The pilots’ strike settlement also comes at a time when Norway’s conservative minority government coalition is proposing major changes in work rules. The changes, according to the government, would give employers the increased flexibility needed to invest in new ventures and create new jobs. They wouldn’t be bound by contracts with expensive full-time employees, but the labour unions are fighting the changes.

Effects of globalization
Dege and Moen view the Norwegian Air settlement as a sign that international labour standards and globalization are arriving in Norway as well. NRK reported that fully 25 percent of the labour force in countries that are members of the OECD (Organisation for Economic Cooperation and Development) now work without permanent employment in the form of standard contracts. Most of the remainder have various, looser ties to their employers in the form of short-term contracts, contracts through third-party employment agencies or payment based on hours worked or specific projects. In Portugal, for example, only 6 percent of the workforce is covered by collective bargaining agreements.

Even in Germany, which has a strong labour movement, there’s been a growing trend towards a reduction in collective bargaining agreements directly with the employer, and not just within aviation and shipbuilding. “In Germany, only around a third of those working in the automobile industry are permanently employed,” Moen said.

Dege said the conflict in Norwegian Air forced the pilots to recognize the changes in the labour market, and that they have become too expensive. Other labour unions are bound to be challenged as well, and may need to lower their expectations. Both he and Moen believe more employees in Norway will start to feel the effects of globalization in their household economy.

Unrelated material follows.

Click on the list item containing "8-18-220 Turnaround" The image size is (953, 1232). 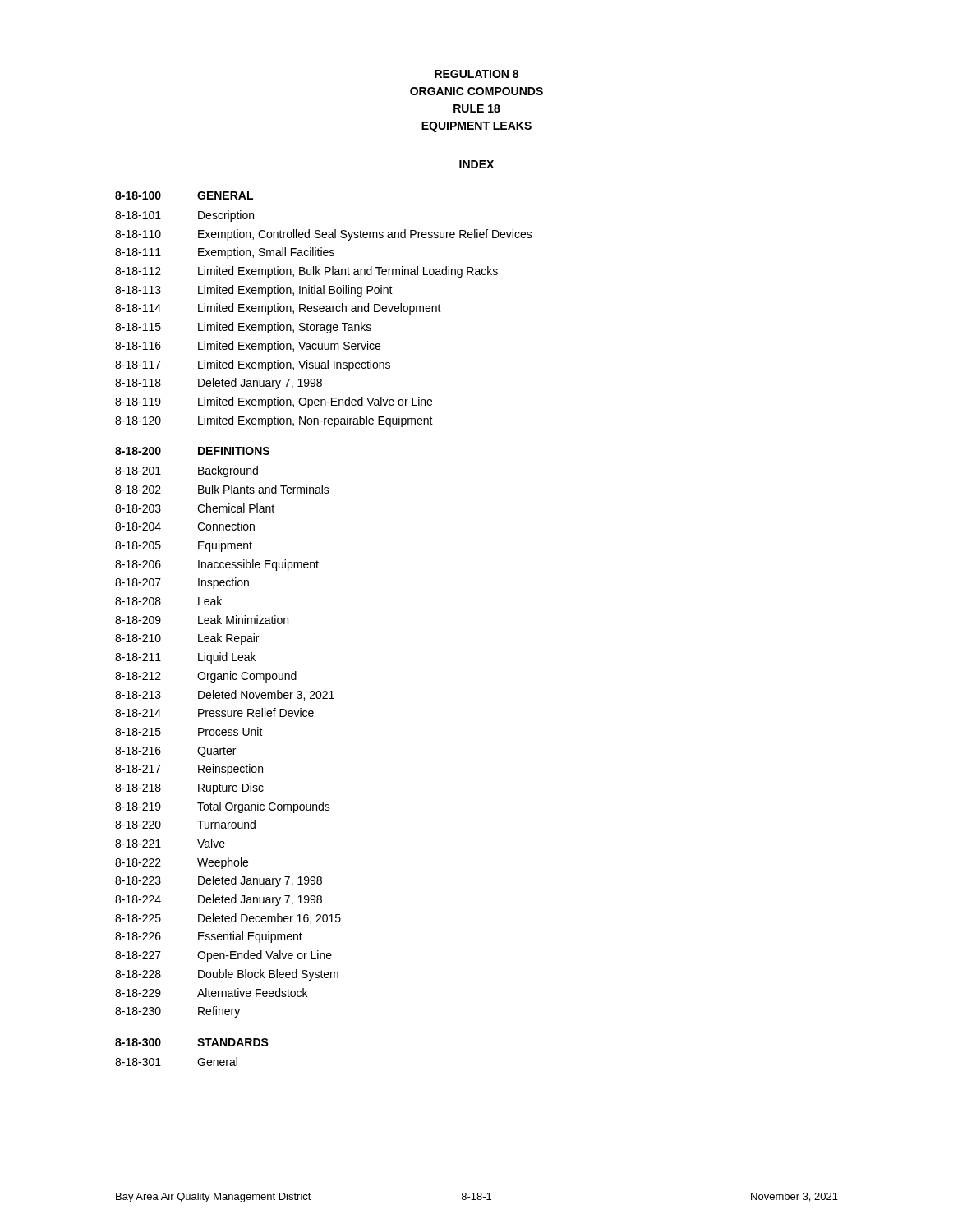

“Norway’s pay levels must decline in order for us to adapt to the rest of the world,” Dege told NRK. Moen agreed: “That means a major reduction in pay, loss of job security and benefits like sick pay and holiday pay.” That would suggest, though, that Norway’s chronically high costs and prices must also decline to avoid a reduction in the standard of living, and that would involve major economic restructuring, more free market competition and less government subsidy and protection of various industries.